Collected data:
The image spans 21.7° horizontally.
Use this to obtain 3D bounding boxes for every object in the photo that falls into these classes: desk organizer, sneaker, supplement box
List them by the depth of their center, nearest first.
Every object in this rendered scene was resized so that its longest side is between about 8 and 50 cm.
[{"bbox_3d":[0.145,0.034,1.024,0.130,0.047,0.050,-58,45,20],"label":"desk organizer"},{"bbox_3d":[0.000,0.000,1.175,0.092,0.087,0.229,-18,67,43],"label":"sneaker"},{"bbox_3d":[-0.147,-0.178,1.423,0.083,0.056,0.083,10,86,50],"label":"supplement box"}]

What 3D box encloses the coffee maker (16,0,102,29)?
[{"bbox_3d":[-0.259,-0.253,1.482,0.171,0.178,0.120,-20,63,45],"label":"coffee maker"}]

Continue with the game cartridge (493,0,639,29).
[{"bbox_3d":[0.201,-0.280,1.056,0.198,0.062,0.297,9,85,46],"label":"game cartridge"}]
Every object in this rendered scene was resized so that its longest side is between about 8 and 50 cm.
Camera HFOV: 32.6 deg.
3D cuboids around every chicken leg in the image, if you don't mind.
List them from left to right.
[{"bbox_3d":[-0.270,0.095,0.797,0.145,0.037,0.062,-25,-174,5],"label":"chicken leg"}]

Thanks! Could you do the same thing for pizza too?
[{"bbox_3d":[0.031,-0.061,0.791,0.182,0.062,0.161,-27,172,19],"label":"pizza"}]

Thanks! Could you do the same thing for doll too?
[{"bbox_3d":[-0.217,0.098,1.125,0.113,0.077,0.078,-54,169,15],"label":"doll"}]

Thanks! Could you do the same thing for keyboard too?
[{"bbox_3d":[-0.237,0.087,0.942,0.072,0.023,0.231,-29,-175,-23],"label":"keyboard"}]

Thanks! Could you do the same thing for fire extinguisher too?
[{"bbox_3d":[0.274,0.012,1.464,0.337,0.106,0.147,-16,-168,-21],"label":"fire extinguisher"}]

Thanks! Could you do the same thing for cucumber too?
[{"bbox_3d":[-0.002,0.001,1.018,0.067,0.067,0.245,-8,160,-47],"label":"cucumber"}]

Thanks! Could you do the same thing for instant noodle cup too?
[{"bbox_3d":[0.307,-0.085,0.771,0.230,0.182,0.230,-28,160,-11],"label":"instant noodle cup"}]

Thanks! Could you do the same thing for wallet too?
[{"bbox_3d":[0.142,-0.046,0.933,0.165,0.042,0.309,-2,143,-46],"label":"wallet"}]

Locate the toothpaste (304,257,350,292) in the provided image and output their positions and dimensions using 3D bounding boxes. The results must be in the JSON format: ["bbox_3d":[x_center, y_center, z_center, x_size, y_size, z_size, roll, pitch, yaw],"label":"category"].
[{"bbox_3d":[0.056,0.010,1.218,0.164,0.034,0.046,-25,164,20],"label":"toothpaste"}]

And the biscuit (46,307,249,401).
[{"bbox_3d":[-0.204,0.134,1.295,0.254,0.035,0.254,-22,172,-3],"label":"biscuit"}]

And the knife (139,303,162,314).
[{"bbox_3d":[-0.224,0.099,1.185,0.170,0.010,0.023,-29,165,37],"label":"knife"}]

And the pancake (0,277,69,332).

YOUR INSTRUCTIONS
Repeat the entries above verbatim, but only from the line that has "Use this to" down to the line that has "Camera HFOV: 32.6 deg.", inclusive.

RESPONSE
Use this to obtain 3D bounding boxes for every object in the photo that falls into these classes: desk organizer, sneaker, supplement box
List them by the depth of their center, nearest first.
Every object in this rendered scene was resized so that its longest side is between about 8 and 50 cm.
[{"bbox_3d":[0.145,0.034,1.024,0.130,0.047,0.050,-58,45,20],"label":"desk organizer"},{"bbox_3d":[0.000,0.000,1.175,0.092,0.087,0.229,-18,67,43],"label":"sneaker"},{"bbox_3d":[-0.147,-0.178,1.423,0.083,0.056,0.083,10,86,50],"label":"supplement box"}]

What 3D box encloses the coffee maker (16,0,102,29)?
[{"bbox_3d":[-0.259,-0.253,1.482,0.171,0.178,0.120,-20,63,45],"label":"coffee maker"}]

Continue with the game cartridge (493,0,639,29).
[{"bbox_3d":[0.201,-0.280,1.056,0.198,0.062,0.297,9,85,46],"label":"game cartridge"}]
Every object in this rendered scene was resized so that its longest side is between about 8 and 50 cm.
Camera HFOV: 32.6 deg.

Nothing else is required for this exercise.